Cool charts man. I don't want to hate on anyone else's charts (serious chart game on this motherfucker), but it's cool to see some charts that are about ERE stuff other than money.
We're all nerds and nerds like to plan. Planning is cool but it is also time consuming. I consider planning/ charting like budgeting. It's helpful for insight at a certain level, but eventually I like to internalize the important stuff. Budgeting is cool, but (for me at least) it leads to inefficiencies as I spend the entire budget when I don't need to, and also end up not spending to stay within the budget when I should have splurged (applicable to any concept, not just money).
You are probably less lazy than me, but as the laziness representative for the forum, I want to remind you that it's ok to chill out and be lazy. These high functioning INTJ SOBs will slaughter you on renaissance skills every time. Sometimes it's ok to just get high and look at the moon through binoculars because it feels good. Unless you are an INTJ, in which case you have to mail your binoculars to me once you've finished categorizing every bird in the desert.
One thing that's nice about this movement is it provides suggestions towards action for actual solutions. Some might even say it's what lead me to participate.... I've been privy to the discussions of so many "outsider" groups that complain about other people while mostly furthering the problems they complain about. They have different color shoes or some other signal so OBVIOUSLY THEY ARE NOT PART OF THE PROBLEM. They want everyone else to change first.AxelHeyst wrote: ↑Wed May 06, 2020 10:27 pmI feel like society has been systematically destroyed by turning People/Citizens in to Consumers... we all know the rant. But as much as I withdraw, I secede from the human experience. This is a core driver of my (fuzzy, vague, grasping) vision for the/my future - how to find, cultivate, participate in society in a way that is rich, meaningful, human...

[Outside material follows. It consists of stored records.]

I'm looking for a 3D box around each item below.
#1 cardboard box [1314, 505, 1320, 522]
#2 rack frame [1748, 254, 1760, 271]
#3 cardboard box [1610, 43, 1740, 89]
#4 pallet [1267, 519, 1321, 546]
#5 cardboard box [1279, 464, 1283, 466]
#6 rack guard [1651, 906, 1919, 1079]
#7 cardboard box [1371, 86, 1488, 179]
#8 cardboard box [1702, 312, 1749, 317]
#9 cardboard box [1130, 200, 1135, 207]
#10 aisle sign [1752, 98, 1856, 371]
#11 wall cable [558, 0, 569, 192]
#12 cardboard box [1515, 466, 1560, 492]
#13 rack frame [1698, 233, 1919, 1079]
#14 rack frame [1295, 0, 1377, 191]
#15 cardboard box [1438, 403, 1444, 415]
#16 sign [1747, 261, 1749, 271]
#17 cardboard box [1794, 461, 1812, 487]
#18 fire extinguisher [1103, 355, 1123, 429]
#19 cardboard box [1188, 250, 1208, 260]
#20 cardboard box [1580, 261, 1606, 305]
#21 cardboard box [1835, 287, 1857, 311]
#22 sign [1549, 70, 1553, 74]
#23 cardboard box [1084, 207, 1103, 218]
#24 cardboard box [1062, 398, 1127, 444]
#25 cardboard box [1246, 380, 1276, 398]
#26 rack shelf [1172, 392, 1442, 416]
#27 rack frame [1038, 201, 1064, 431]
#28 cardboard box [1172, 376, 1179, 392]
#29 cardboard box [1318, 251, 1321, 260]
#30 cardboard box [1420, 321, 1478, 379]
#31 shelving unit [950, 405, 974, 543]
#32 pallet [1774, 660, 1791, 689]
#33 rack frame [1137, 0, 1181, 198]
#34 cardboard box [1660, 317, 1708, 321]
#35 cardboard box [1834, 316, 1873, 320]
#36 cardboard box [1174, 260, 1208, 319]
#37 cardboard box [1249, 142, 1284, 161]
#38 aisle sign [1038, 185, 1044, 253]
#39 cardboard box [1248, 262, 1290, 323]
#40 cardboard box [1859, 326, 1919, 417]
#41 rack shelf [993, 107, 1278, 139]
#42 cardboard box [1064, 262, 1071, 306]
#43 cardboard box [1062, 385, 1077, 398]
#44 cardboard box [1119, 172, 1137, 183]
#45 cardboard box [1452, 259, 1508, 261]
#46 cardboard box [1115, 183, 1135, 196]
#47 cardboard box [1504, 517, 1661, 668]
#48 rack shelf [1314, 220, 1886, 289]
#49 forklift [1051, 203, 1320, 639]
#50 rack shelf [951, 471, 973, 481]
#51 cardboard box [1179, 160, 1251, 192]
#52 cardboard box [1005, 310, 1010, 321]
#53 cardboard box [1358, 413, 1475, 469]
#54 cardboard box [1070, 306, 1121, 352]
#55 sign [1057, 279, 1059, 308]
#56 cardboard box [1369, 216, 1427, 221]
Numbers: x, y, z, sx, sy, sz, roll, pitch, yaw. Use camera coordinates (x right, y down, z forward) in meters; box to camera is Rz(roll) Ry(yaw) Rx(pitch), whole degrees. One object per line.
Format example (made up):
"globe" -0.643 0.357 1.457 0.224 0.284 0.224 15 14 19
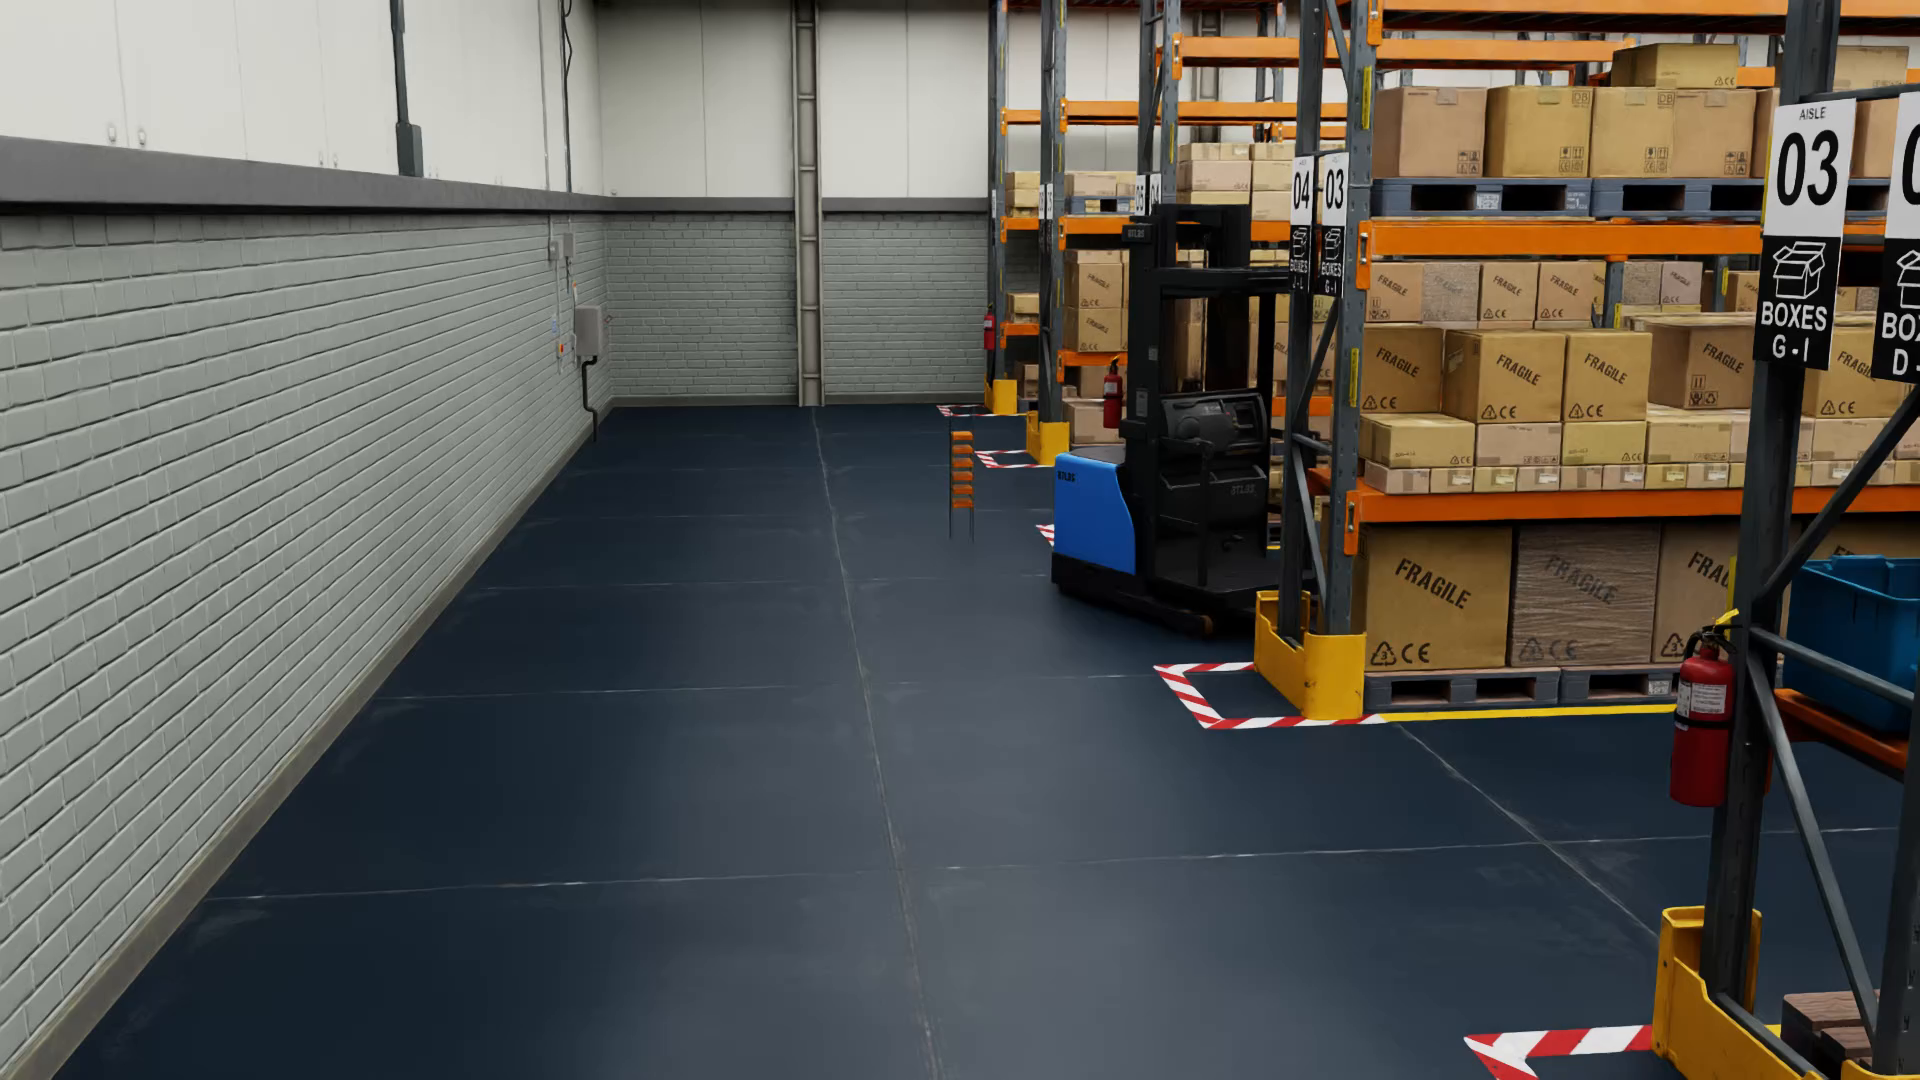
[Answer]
"cardboard box" 3.017 -0.269 14.761 0.250 0.149 0.380 -1 11 -5
"rack frame" 12.453 -3.649 25.654 0.127 3.000 1.000 -1 11 -6
"cardboard box" 4.143 -2.731 9.656 0.500 0.250 0.500 -2 11 -8
"pallet" 2.585 -0.144 15.051 1.213 0.211 1.003 -1 11 -6
"cardboard box" 3.019 -0.576 14.779 0.250 0.149 0.380 -2 11 -9
"rack guard" 2.646 1.633 5.268 0.348 0.500 1.175 -1 11 -6
"cardboard box" 2.645 -2.344 9.632 0.500 0.500 0.700 -2 11 -10
"cardboard box" 7.083 -2.025 15.411 0.250 0.149 0.380 -2 11 -8
"cardboard box" 2.519 -4.938 24.052 0.500 0.250 0.500 -1 11 -7
"aisle sign" 2.565 -0.927 5.069 0.004 0.787 0.394 -1 11 -6
"wall cable" -4.640 -5.363 18.818 0.029 3.000 2.355 -1 11 -6
"cardboard box" 3.291 -0.384 9.698 0.250 0.149 0.380 -1 11 -7
"rack frame" 2.668 0.403 5.042 0.127 3.000 1.000 -1 11 -6
"rack frame" 2.134 -3.490 9.295 0.127 3.000 1.000 -1 11 -6
"cardboard box" 3.091 -0.691 10.222 0.500 0.250 0.500 -1 11 -7
"sign" 12.392 -4.219 26.104 0.005 0.325 0.100 -1 11 -6
"cardboard box" 4.819 -0.416 9.860 0.250 0.149 0.380 -1 11 -5
"fire extinguisher" 1.398 -1.362 15.189 0.183 0.674 0.296 -1 11 -6
"cardboard box" 2.738 -3.284 19.262 0.250 0.149 0.380 -1 11 -6
"cardboard box" 7.527 -3.071 19.863 0.500 0.500 0.500 -1 11 -6
"cardboard box" 10.533 -3.005 20.256 0.500 0.500 0.500 -1 11 -5
"sign" 8.545 -6.903 24.025 0.005 0.325 0.100 -1 11 -6
"cardboard box" 1.899 -4.715 23.949 0.250 0.149 0.380 -1 11 -6
"cardboard box" 1.709 -1.429 19.914 0.875 0.438 0.875 -2 11 -8
"cardboard box" 2.578 -1.329 14.505 0.250 0.149 0.380 -2 11 -8
"rack shelf" 3.687 -1.189 15.004 4.000 0.370 1.077 -1 11 -6
"rack frame" 1.063 -2.447 19.540 0.127 3.000 1.000 -1 11 -6
"cardboard box" 1.992 -1.438 15.057 0.250 0.149 0.380 -1 11 -6
"cardboard box" 4.245 -3.333 19.514 0.250 0.149 0.380 -1 11 -6
"cardboard box" 4.214 -1.693 14.676 0.500 0.500 0.500 -1 11 -6
"shelving unit" 0.014 -0.589 14.754 0.189 1.200 0.258 -1 11 -6
"pallet" 5.346 0.739 10.562 1.213 0.211 1.003 -1 11 -6
"rack frame" 1.698 -4.444 14.144 0.127 3.000 1.000 -1 11 -6
"cardboard box" 6.393 -1.885 14.701 0.250 0.149 0.380 -1 11 -4
"cardboard box" 7.928 -1.917 14.862 0.250 0.149 0.380 -1 11 -3
"cardboard box" 2.126 -2.243 14.879 0.500 0.500 0.500 -1 11 -7
"cardboard box" 2.578 -3.296 14.140 0.250 0.149 0.380 -1 11 -6
"aisle sign" 0.958 -3.781 19.584 0.004 0.787 0.394 -1 11 -6
"cardboard box" 2.674 -2.156 14.436 0.500 0.500 0.500 -1 11 -4
"cardboard box" 5.682 -1.010 9.901 0.500 0.500 0.500 -1 11 -4
"rack shelf" 2.512 -6.030 24.085 4.000 0.370 1.077 -1 11 -6
"cardboard box" 1.517 -3.043 19.718 0.500 0.500 0.500 -1 11 -4
"cardboard box" 1.568 -2.202 24.596 0.250 0.149 0.380 -2 11 -8
"cardboard box" 2.503 -5.182 23.998 0.500 0.250 0.500 -1 11 -5
"cardboard box" 4.686 -2.293 15.132 0.500 0.500 0.500 -2 11 -8
"cardboard box" 1.909 -4.102 19.483 0.250 0.149 0.380 -2 11 -10
"cardboard box" 3.666 0.242 10.280 0.875 0.875 0.875 -1 11 -6
"rack shelf" 4.122 -1.707 9.865 4.000 0.370 1.077 -1 11 -6
"forklift" 1.929 -0.863 11.660 1.130 2.935 3.031 -7 13 -32
"rack shelf" 0.014 -0.545 14.762 0.180 0.103 0.258 -1 11 -6
"cardboard box" 2.173 -3.103 14.193 0.500 0.250 0.500 -1 11 -5
"cardboard box" 0.824 -3.334 24.703 0.250 0.149 0.380 -1 11 -7
"cardboard box" 2.640 -0.577 9.647 0.500 0.250 0.500 -2 11 -8
"cardboard box" 1.572 -2.451 19.302 0.500 0.500 0.500 -1 11 -7
"sign" 1.117 -2.804 18.907 0.005 0.325 0.100 -1 11 -6
"cardboard box" 3.721 -2.891 14.409 0.500 0.250 0.500 -1 11 -6

A few years ago a musician I was gigging with turned me onto the transition movement. One day when we were discussing the book we read about it he said "it's probably the sort of thing where if you want to get 5 people involved, it'll go pretty well, but if you want everyone to do it, it'll probably go pretty badly."
@RJ likes to point out that all problems are business opportunities.
If you acknowledge that you aren't going to save the world and other people will always do what they want, it's pretty easy to live "outside" of society while still participating. It mostly requires not freaking out when other people do shit that you think is harmful/ wasteful. It requires cognitive dissonance, but you're still wearing shoes so...
Tl;dr: The perfect is the enemy of the good when it comes to fringe outsider movements. Local> Global when it comes to your influence.